** Opening DATA TO EXAMINE block **

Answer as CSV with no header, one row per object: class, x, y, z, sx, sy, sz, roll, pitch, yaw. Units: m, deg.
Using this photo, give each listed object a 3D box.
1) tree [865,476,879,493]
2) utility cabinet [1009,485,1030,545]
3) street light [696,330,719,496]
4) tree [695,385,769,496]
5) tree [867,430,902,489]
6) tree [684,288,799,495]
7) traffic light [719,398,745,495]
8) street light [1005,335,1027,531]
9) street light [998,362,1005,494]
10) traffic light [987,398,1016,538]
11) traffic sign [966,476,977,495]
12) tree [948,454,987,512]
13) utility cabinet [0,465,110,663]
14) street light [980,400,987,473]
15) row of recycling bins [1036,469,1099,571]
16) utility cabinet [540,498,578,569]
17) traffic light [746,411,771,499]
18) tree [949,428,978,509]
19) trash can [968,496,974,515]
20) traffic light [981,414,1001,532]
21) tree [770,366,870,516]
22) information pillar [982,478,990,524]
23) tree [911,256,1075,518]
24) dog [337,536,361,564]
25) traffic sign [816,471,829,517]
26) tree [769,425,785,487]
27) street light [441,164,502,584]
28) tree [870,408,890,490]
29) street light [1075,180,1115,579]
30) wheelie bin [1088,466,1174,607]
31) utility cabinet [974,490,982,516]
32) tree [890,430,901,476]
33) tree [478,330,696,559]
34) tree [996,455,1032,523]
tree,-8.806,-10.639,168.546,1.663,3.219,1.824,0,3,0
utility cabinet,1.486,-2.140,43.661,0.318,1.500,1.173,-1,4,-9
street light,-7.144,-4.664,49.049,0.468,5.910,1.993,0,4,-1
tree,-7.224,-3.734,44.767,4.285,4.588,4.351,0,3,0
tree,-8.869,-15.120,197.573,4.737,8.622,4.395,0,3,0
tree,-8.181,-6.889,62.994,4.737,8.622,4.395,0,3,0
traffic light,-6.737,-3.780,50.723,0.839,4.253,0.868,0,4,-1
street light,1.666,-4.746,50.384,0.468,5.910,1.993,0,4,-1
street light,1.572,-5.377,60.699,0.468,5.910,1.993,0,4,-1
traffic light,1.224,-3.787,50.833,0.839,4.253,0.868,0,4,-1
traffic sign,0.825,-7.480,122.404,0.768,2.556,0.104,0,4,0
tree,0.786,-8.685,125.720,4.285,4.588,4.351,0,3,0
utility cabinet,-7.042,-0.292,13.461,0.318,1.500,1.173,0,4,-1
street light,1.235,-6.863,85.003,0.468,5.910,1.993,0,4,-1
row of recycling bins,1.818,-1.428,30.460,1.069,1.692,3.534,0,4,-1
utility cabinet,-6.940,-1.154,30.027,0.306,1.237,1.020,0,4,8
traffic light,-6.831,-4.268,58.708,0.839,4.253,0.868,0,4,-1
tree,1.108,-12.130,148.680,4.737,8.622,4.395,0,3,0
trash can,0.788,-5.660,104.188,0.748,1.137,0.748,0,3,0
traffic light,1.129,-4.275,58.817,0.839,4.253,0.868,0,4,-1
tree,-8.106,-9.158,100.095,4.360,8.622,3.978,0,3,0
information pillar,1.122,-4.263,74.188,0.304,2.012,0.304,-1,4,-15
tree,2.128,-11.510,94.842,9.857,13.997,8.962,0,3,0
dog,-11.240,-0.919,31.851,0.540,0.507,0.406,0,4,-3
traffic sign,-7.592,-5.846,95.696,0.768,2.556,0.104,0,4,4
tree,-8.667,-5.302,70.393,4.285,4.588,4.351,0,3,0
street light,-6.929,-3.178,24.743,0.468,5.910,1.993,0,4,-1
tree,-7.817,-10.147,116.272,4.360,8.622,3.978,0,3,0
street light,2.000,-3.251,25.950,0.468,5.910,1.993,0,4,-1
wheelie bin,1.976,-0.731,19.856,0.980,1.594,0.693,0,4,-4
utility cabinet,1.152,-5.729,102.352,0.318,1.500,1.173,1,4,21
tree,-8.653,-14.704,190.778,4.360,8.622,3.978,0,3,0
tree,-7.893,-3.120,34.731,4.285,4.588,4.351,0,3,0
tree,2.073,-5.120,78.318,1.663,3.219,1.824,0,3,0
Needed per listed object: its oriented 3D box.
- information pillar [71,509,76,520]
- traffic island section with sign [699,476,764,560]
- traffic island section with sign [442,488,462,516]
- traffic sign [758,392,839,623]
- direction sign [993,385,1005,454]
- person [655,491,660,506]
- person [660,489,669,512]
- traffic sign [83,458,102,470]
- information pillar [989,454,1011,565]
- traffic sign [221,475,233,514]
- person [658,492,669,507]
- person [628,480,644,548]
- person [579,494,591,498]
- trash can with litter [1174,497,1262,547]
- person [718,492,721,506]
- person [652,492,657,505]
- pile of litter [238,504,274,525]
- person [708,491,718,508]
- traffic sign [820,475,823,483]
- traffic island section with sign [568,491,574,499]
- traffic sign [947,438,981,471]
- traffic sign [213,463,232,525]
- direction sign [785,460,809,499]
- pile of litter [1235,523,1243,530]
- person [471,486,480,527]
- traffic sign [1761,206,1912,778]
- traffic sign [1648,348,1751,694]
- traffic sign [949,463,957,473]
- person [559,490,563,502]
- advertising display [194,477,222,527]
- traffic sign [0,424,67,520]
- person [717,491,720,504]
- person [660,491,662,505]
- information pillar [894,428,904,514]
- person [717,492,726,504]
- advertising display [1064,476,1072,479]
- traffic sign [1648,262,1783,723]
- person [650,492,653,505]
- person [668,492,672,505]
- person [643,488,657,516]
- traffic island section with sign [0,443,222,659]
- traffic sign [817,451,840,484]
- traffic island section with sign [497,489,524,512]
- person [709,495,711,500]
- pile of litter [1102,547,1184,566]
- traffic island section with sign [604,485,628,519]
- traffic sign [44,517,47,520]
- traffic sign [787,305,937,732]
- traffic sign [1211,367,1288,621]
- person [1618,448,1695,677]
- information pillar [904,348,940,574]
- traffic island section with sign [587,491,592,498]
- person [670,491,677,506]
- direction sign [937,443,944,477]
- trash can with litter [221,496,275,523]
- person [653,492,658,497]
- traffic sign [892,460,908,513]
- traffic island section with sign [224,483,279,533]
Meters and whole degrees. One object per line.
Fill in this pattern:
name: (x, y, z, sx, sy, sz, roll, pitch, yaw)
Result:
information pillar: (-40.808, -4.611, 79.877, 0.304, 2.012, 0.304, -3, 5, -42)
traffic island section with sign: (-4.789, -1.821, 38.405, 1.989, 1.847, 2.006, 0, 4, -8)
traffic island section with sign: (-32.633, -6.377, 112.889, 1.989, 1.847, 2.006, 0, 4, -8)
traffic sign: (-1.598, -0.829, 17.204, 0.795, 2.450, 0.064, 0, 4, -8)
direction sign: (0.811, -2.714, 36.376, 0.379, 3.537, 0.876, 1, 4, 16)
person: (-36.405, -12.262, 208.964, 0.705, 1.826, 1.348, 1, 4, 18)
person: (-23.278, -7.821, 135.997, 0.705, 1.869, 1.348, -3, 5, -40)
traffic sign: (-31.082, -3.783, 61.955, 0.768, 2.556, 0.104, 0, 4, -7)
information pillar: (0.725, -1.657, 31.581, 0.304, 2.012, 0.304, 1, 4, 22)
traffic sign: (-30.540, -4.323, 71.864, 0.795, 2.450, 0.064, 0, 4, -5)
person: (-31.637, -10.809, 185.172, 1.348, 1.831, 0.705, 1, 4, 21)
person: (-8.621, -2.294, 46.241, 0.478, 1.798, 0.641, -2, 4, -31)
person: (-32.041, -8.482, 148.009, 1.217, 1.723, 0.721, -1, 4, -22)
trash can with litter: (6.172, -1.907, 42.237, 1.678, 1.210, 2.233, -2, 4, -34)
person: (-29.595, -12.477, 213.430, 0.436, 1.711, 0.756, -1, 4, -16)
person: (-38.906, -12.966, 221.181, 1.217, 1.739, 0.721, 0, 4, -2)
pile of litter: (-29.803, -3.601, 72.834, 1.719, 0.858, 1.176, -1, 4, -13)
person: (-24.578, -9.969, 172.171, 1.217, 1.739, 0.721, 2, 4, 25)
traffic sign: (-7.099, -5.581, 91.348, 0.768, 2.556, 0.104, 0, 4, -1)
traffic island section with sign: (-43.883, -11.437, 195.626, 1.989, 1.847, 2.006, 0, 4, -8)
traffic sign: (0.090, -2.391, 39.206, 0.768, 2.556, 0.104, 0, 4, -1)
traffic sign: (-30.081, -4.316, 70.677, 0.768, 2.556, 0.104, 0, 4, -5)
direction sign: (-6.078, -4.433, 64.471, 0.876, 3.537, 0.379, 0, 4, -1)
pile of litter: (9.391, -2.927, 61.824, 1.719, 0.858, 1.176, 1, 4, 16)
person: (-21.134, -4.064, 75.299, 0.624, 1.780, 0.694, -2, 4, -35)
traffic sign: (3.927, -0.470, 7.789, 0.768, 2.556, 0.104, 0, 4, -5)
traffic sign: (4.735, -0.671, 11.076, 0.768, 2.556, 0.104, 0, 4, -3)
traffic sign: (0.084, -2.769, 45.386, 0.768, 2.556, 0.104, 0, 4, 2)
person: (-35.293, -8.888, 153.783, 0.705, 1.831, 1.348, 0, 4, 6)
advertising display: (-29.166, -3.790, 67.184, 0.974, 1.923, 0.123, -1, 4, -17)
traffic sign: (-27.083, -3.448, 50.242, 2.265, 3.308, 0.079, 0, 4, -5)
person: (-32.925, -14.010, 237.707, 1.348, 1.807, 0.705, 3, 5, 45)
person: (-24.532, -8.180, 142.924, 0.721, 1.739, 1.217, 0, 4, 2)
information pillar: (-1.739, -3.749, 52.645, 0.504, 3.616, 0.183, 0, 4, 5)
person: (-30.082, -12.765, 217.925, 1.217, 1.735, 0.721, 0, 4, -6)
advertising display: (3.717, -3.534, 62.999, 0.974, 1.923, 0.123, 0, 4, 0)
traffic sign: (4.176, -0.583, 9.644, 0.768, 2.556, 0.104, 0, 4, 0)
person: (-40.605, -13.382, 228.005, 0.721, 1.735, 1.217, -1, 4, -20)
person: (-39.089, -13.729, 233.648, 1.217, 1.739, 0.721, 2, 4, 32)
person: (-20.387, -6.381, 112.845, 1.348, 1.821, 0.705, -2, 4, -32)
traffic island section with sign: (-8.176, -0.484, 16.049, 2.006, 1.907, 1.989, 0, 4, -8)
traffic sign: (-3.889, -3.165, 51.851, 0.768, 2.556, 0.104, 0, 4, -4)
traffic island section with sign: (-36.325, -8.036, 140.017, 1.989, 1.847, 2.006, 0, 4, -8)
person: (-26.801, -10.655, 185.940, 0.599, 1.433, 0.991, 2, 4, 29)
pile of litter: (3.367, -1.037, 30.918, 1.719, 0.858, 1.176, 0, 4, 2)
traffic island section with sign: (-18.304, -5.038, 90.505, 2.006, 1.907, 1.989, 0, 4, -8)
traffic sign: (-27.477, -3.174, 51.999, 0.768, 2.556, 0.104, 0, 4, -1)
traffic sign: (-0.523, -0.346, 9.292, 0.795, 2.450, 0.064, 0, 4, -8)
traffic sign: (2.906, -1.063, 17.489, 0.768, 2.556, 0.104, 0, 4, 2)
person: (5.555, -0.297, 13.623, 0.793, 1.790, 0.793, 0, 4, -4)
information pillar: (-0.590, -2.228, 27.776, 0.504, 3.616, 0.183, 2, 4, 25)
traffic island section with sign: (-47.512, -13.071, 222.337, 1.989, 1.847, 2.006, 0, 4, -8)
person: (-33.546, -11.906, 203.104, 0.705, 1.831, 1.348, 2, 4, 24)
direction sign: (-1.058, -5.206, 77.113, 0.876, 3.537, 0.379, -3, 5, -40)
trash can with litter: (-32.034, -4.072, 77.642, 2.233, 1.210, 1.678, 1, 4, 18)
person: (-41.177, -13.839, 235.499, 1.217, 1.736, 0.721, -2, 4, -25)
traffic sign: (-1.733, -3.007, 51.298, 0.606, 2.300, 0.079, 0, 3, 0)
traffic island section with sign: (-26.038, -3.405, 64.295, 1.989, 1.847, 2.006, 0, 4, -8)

** Closing DATA TO EXAMINE block **

- WHAT YOU SHOULD DO -
Look above for the line with "- traffic sign [1761,206,1912,778]" and the line with "- person [660,491,662,505]", and reproduce exactly those two lines plus every line between, nothing more.

- EXERCISE OUTPUT -
- traffic sign [1761,206,1912,778]
- traffic sign [1648,348,1751,694]
- traffic sign [949,463,957,473]
- person [559,490,563,502]
- advertising display [194,477,222,527]
- traffic sign [0,424,67,520]
- person [717,491,720,504]
- person [660,491,662,505]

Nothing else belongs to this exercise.